### [WORK TO BE COMPLETED]
First find the line with "Document page, 1241x1754 pixels." in the entries below, then set down exactly every line through the line with "table_cell 1,61000 [1064, 1041, 1163, 1074]", that line included.

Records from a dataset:
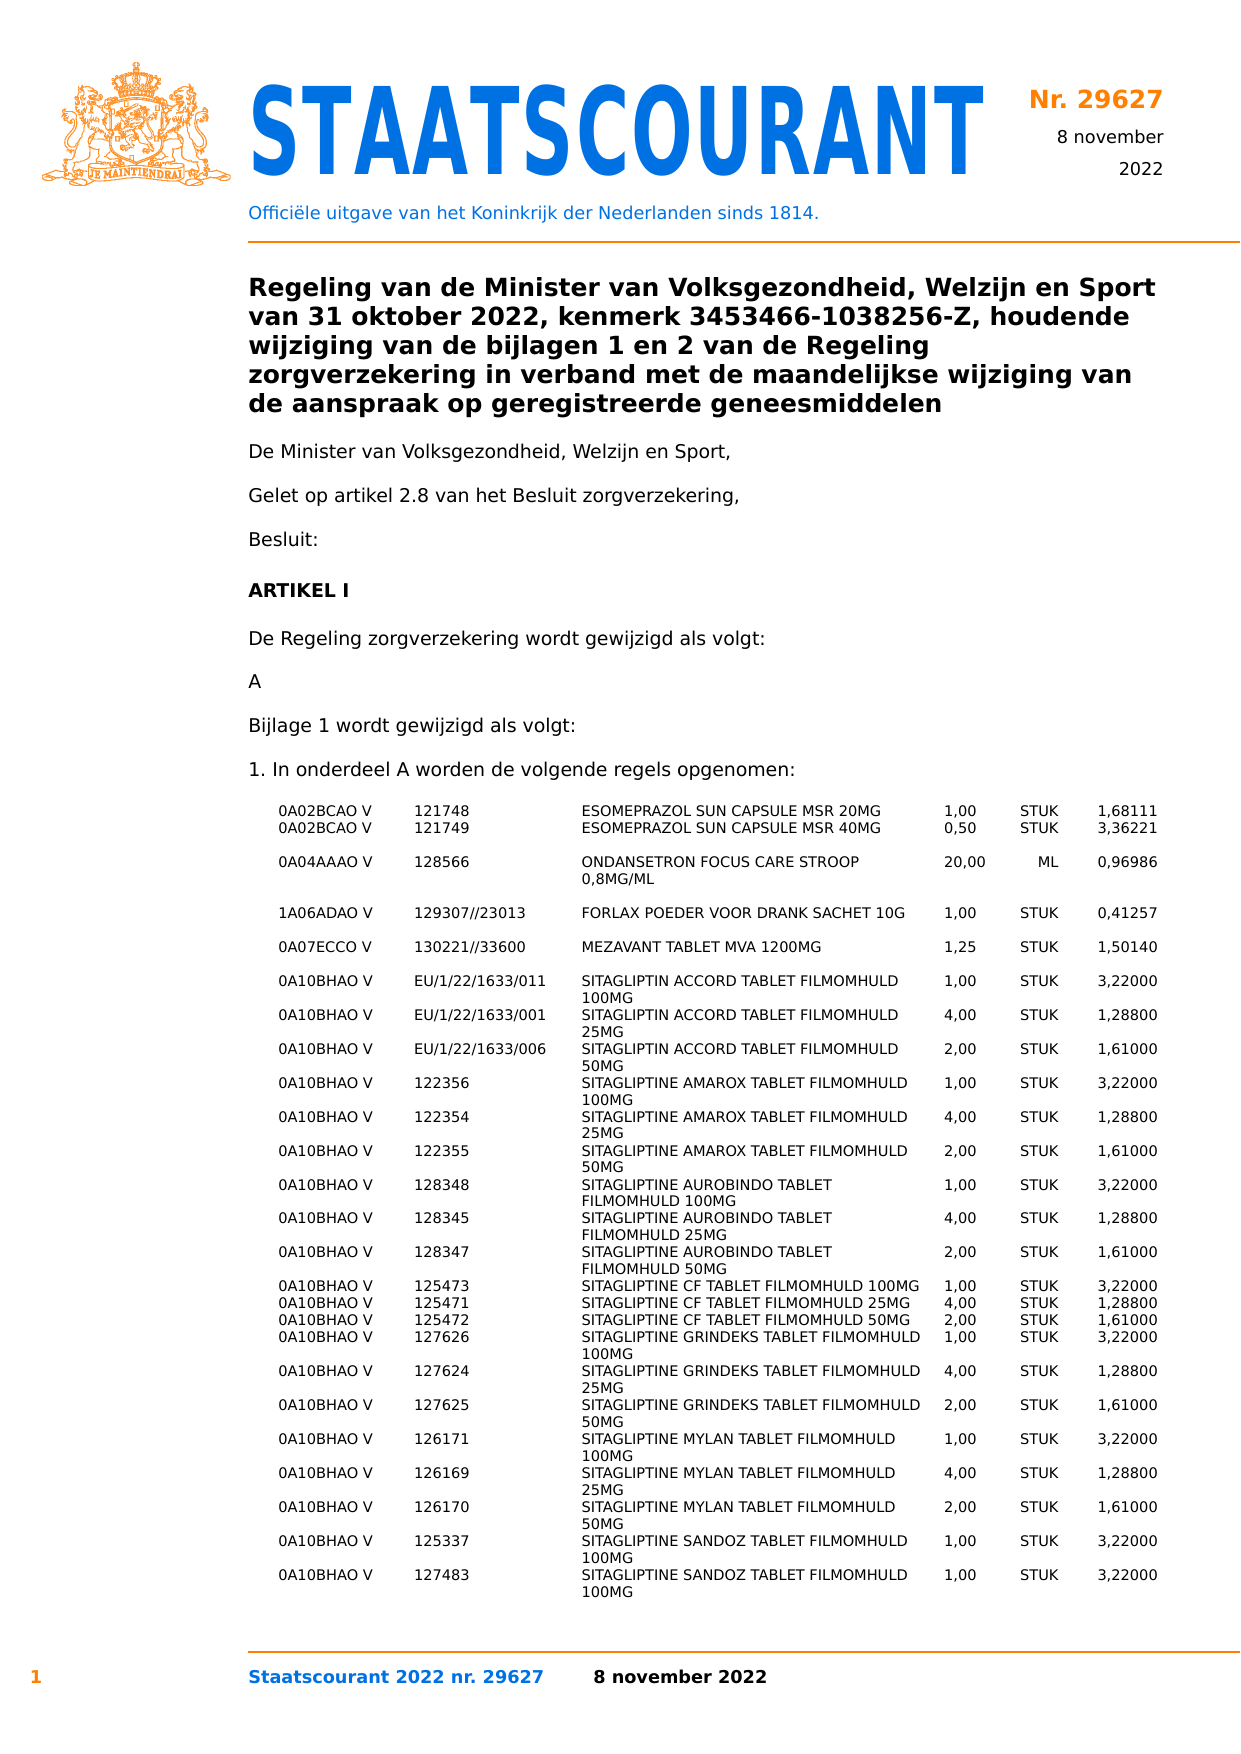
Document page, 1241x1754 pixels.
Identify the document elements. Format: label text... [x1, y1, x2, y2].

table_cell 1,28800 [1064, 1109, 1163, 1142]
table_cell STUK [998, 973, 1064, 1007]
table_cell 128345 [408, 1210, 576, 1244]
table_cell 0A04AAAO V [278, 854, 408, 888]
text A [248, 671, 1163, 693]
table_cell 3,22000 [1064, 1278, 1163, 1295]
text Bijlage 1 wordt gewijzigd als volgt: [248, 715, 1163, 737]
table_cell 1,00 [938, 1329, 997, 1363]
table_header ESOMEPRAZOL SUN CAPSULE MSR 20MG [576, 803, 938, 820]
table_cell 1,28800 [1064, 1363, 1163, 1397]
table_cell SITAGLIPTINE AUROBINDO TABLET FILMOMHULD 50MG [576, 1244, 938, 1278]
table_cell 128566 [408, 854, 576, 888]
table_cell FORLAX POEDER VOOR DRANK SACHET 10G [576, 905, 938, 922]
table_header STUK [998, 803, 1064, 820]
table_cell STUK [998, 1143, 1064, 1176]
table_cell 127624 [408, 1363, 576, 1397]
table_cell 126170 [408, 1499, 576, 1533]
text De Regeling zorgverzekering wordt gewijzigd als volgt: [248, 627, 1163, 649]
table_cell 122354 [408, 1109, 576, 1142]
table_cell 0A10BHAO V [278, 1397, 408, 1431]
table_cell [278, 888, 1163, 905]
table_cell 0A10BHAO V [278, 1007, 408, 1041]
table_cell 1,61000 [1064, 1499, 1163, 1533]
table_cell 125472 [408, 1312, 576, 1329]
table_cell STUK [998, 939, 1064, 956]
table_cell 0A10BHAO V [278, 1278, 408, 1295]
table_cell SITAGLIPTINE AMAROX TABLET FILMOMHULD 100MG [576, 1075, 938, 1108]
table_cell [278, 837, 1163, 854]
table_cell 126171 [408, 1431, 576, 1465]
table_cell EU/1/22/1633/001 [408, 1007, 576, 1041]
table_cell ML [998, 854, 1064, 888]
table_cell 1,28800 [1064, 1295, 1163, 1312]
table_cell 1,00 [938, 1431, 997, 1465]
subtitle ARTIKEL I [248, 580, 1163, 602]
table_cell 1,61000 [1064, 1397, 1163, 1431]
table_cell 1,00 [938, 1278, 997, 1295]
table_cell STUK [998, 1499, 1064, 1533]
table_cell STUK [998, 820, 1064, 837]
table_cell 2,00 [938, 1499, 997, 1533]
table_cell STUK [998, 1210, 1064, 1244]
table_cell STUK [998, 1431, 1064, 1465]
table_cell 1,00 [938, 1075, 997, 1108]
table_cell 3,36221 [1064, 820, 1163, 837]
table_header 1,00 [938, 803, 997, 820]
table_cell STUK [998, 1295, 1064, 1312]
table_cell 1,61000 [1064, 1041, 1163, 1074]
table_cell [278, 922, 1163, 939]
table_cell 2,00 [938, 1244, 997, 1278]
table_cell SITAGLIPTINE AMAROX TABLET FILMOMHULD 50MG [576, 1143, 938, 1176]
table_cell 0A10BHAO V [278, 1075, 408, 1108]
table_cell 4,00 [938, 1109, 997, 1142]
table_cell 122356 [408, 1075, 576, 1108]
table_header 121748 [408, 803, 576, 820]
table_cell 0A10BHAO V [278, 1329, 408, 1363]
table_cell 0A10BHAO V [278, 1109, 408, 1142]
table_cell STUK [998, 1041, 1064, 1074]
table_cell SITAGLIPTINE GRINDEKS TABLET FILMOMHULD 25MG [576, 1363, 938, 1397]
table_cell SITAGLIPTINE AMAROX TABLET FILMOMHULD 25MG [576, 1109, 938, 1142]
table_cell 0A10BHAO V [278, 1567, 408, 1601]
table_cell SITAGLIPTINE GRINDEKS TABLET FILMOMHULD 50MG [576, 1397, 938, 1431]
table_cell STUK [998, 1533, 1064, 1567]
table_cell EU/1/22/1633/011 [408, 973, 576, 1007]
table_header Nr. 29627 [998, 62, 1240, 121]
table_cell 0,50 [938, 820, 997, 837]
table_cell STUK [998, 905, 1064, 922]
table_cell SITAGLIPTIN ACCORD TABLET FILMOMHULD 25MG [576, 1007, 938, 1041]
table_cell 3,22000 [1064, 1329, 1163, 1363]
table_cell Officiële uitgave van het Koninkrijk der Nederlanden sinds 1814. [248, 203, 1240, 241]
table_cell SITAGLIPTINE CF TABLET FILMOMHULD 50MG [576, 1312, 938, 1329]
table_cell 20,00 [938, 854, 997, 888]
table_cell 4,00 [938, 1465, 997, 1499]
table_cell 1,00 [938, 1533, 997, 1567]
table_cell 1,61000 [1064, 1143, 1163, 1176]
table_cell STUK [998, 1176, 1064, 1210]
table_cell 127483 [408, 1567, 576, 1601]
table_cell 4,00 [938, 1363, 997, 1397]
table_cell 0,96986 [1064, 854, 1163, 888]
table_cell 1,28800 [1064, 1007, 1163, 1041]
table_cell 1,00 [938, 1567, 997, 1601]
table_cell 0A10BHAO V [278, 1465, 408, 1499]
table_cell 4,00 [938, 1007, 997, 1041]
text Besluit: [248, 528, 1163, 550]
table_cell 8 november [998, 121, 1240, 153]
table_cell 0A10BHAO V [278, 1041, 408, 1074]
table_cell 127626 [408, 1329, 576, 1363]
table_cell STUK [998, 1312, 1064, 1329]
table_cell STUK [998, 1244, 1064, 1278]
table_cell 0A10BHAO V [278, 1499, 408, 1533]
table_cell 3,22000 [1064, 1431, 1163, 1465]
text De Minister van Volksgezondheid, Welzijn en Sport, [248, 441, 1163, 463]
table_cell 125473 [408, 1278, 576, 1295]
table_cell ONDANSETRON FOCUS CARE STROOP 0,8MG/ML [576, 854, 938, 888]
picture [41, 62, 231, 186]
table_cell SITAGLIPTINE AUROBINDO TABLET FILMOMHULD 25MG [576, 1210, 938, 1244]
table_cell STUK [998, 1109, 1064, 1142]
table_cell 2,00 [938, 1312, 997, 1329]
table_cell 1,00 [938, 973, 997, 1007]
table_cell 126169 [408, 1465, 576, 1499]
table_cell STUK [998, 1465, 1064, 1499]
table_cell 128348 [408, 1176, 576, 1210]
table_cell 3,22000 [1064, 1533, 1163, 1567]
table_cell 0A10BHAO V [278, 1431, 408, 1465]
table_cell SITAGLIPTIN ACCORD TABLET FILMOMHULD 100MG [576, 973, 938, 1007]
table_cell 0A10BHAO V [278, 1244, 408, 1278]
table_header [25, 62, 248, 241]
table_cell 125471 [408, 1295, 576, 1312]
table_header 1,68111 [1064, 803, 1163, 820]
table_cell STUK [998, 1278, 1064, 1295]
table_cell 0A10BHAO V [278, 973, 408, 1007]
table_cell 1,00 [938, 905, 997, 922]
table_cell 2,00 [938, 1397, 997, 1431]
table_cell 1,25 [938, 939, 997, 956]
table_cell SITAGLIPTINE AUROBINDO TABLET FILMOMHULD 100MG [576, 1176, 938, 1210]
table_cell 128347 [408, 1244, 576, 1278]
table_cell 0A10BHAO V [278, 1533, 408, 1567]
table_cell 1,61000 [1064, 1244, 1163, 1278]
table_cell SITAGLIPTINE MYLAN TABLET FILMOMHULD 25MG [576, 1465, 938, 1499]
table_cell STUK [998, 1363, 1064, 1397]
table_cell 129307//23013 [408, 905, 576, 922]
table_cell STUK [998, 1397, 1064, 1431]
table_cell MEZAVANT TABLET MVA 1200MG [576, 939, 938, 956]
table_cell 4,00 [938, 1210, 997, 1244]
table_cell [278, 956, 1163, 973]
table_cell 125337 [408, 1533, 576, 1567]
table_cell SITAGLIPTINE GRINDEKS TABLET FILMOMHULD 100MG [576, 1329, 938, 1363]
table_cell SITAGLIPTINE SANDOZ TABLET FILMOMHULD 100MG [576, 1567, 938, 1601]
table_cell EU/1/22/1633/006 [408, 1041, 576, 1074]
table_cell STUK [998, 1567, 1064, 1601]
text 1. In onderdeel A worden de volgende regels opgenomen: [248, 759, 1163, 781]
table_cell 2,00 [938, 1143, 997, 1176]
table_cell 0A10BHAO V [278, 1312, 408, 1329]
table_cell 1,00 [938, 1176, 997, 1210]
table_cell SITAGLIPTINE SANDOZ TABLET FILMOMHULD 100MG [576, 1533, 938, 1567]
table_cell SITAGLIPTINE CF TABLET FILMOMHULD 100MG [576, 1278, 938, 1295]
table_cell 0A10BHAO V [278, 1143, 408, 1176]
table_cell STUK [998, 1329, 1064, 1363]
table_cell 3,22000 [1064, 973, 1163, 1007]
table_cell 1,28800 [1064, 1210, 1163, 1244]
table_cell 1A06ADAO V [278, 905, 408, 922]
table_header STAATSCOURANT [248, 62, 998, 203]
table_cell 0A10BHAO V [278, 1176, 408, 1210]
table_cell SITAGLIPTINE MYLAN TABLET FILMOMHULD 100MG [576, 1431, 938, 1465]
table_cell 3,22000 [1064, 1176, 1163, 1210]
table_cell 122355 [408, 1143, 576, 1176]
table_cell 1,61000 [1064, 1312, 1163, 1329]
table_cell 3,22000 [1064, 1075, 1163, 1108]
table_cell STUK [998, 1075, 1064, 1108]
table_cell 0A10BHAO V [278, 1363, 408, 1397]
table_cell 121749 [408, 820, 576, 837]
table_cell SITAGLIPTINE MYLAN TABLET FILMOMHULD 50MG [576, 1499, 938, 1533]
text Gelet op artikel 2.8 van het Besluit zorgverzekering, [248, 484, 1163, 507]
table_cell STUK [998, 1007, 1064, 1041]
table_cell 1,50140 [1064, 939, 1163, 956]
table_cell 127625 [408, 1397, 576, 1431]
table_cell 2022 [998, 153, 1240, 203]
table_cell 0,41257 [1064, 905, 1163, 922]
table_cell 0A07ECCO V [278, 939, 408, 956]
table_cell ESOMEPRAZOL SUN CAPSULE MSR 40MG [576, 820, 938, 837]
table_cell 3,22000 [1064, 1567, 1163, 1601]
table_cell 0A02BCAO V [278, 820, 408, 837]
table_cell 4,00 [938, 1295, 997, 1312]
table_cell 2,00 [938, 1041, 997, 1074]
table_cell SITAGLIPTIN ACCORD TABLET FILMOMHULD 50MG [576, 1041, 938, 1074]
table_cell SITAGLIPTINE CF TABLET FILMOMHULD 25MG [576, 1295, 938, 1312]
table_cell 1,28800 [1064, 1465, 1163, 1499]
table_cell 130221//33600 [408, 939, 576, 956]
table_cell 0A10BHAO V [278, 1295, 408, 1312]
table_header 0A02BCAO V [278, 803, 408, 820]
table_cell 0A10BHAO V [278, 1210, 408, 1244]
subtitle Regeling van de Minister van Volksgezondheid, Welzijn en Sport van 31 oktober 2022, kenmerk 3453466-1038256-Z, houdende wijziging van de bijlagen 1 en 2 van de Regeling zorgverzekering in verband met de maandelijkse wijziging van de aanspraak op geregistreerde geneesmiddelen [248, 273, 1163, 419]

...

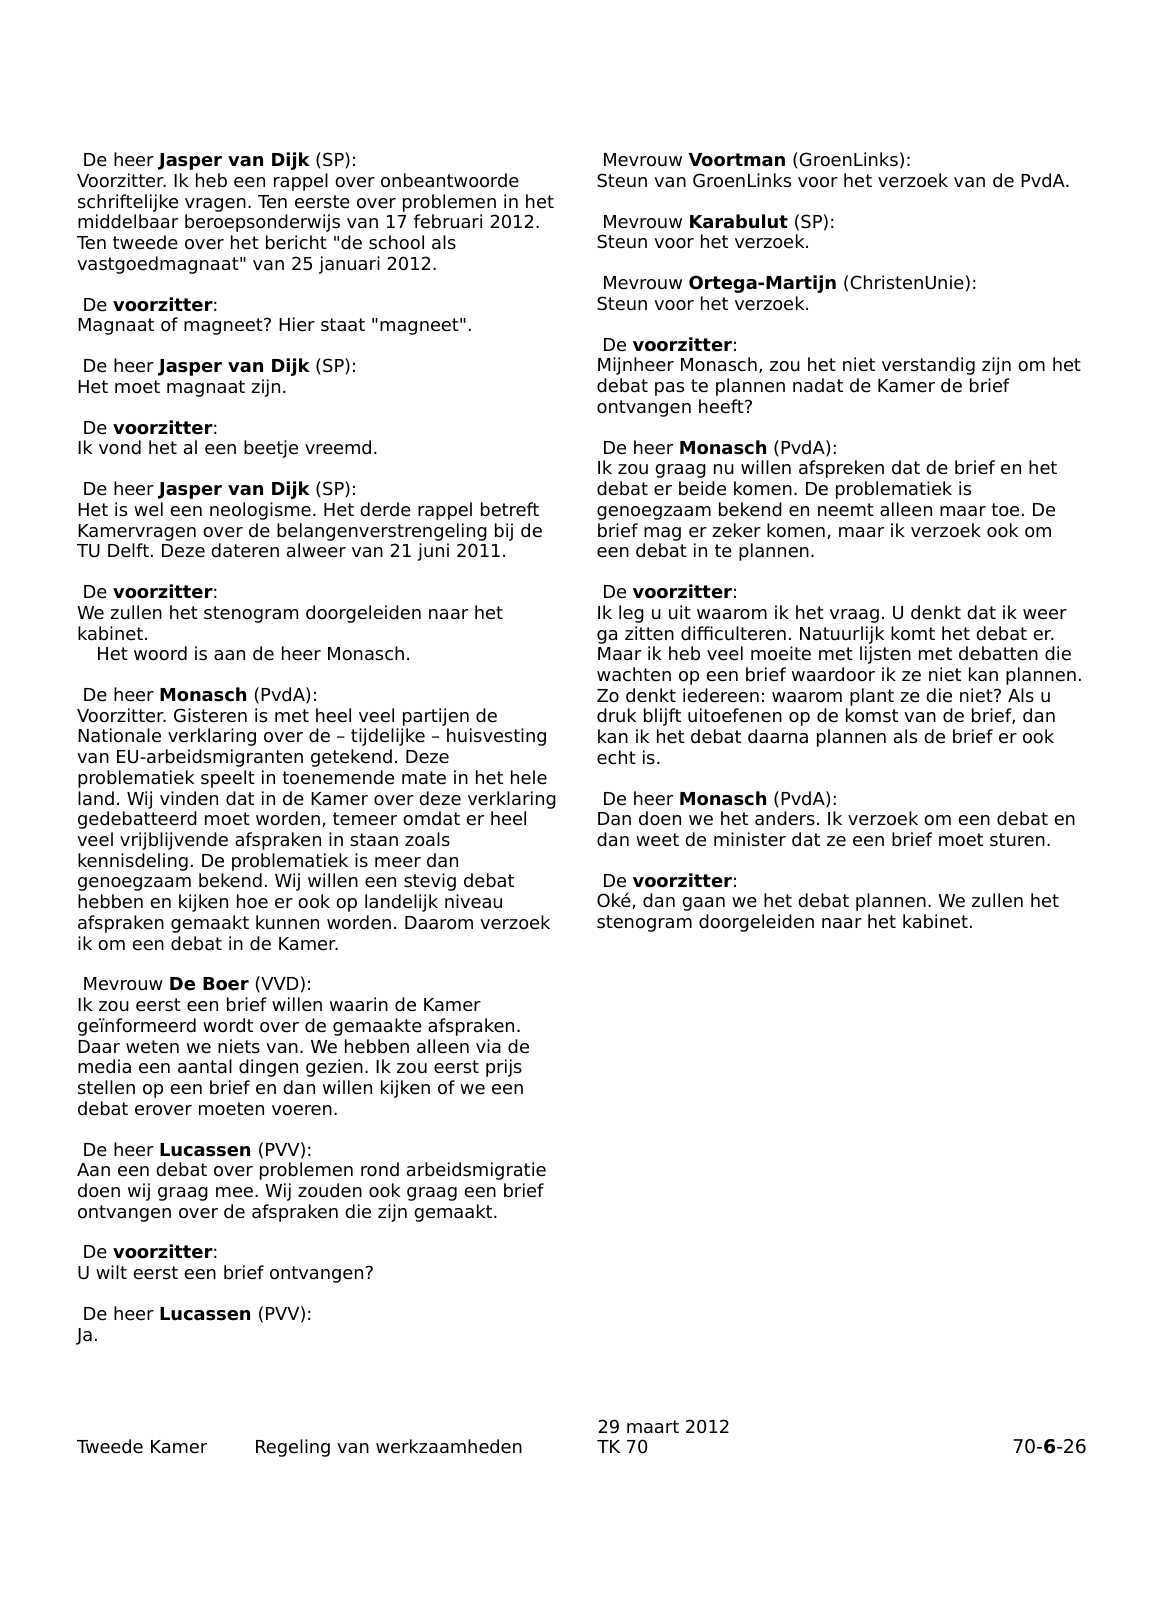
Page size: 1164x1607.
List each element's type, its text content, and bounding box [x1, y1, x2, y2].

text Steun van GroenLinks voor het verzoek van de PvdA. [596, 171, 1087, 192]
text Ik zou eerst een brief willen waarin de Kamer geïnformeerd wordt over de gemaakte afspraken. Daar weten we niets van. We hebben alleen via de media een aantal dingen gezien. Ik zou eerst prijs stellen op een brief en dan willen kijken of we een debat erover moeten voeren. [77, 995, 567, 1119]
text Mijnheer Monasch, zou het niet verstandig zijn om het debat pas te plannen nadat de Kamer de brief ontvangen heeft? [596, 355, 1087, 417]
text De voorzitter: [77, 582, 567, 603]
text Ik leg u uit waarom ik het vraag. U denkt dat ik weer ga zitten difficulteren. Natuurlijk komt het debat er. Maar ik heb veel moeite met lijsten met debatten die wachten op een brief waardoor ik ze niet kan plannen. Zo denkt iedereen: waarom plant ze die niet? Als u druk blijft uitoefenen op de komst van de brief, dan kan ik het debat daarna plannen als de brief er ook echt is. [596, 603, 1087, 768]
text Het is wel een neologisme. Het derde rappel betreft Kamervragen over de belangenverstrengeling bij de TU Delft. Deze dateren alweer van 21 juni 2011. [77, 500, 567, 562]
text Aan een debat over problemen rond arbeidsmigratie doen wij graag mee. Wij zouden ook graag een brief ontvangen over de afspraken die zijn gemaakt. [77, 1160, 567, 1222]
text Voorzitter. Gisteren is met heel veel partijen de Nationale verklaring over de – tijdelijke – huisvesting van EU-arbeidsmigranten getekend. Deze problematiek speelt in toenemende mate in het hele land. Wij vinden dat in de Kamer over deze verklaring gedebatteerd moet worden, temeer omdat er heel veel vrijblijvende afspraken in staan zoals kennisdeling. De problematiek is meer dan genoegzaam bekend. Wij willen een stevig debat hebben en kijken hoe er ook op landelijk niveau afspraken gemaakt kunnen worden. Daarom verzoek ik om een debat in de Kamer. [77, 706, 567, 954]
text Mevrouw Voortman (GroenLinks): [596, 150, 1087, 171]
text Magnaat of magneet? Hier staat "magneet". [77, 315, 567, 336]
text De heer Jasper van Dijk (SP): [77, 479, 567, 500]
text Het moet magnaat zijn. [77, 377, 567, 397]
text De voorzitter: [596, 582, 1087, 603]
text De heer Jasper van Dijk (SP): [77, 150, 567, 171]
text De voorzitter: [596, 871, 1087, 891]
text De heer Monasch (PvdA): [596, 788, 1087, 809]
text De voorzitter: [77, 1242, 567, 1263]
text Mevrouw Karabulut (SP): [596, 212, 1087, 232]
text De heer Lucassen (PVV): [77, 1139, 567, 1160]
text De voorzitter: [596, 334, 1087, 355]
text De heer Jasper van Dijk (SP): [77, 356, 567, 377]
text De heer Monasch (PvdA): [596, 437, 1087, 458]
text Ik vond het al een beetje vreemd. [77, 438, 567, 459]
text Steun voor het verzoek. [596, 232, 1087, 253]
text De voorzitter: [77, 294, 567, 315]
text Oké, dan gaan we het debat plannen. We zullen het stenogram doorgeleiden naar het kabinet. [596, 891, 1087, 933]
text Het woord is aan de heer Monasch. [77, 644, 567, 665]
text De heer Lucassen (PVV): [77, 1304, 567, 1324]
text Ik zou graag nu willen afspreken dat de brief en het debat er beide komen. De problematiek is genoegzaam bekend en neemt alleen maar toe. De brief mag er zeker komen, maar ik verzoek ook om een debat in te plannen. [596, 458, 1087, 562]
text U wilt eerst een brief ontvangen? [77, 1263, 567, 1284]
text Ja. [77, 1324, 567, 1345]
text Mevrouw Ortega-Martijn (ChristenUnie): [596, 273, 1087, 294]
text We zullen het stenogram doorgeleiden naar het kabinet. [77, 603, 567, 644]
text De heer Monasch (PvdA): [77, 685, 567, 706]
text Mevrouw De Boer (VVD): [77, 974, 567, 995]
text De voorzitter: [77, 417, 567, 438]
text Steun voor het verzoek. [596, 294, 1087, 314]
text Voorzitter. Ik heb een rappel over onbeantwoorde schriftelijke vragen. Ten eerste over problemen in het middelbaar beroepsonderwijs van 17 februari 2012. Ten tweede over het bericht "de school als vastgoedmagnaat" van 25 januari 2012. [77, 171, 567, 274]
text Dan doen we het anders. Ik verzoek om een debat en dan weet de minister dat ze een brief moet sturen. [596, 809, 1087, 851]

### [RESULT FOR THIS EXERCISE]
Document page, 1241x1754 pixels.
Identify the document elements. Format: label text... [x1, y1, x2, y2].

table_cell 1,28800 [1064, 1109, 1163, 1142]
table_cell STUK [998, 973, 1064, 1007]
table_cell 128345 [408, 1210, 576, 1244]
table_cell 0A04AAAO V [278, 854, 408, 888]
text A [248, 671, 1163, 693]
table_cell 3,22000 [1064, 1278, 1163, 1295]
text Bijlage 1 wordt gewijzigd als volgt: [248, 715, 1163, 737]
table_cell 1,00 [938, 1329, 997, 1363]
table_header ESOMEPRAZOL SUN CAPSULE MSR 20MG [576, 803, 938, 820]
table_cell 1,28800 [1064, 1363, 1163, 1397]
table_cell SITAGLIPTINE AUROBINDO TABLET FILMOMHULD 50MG [576, 1244, 938, 1278]
table_cell 128566 [408, 854, 576, 888]
table_cell FORLAX POEDER VOOR DRANK SACHET 10G [576, 905, 938, 922]
table_header STUK [998, 803, 1064, 820]
table_cell STUK [998, 1143, 1064, 1176]
table_cell 127624 [408, 1363, 576, 1397]
table_cell 126170 [408, 1499, 576, 1533]
text De Regeling zorgverzekering wordt gewijzigd als volgt: [248, 627, 1163, 649]
table_cell 122354 [408, 1109, 576, 1142]
table_cell 0A10BHAO V [278, 1397, 408, 1431]
table_cell [278, 888, 1163, 905]
table_cell 0A10BHAO V [278, 1007, 408, 1041]
table_cell 1,61000 [1064, 1499, 1163, 1533]
table_cell 125472 [408, 1312, 576, 1329]
table_cell STUK [998, 939, 1064, 956]
table_cell 0A10BHAO V [278, 1278, 408, 1295]
table_cell SITAGLIPTINE AMAROX TABLET FILMOMHULD 100MG [576, 1075, 938, 1108]
table_cell [278, 837, 1163, 854]
table_cell 126171 [408, 1431, 576, 1465]
table_cell EU/1/22/1633/001 [408, 1007, 576, 1041]
table_cell ML [998, 854, 1064, 888]
table_cell 1,28800 [1064, 1295, 1163, 1312]
table_cell 1,00 [938, 1431, 997, 1465]
subtitle ARTIKEL I [248, 580, 1163, 602]
table_cell 1,61000 [1064, 1397, 1163, 1431]
table_cell 1,00 [938, 1278, 997, 1295]
table_cell STUK [998, 1499, 1064, 1533]
table_cell STUK [998, 820, 1064, 837]
table_cell 2,00 [938, 1499, 997, 1533]
table_cell STUK [998, 1210, 1064, 1244]
table_cell STUK [998, 1431, 1064, 1465]
table_cell 1,00 [938, 1075, 997, 1108]
table_cell 3,36221 [1064, 820, 1163, 837]
table_header 1,00 [938, 803, 997, 820]
table_cell STUK [998, 1295, 1064, 1312]
table_cell 1,61000 [1064, 1041, 1163, 1074]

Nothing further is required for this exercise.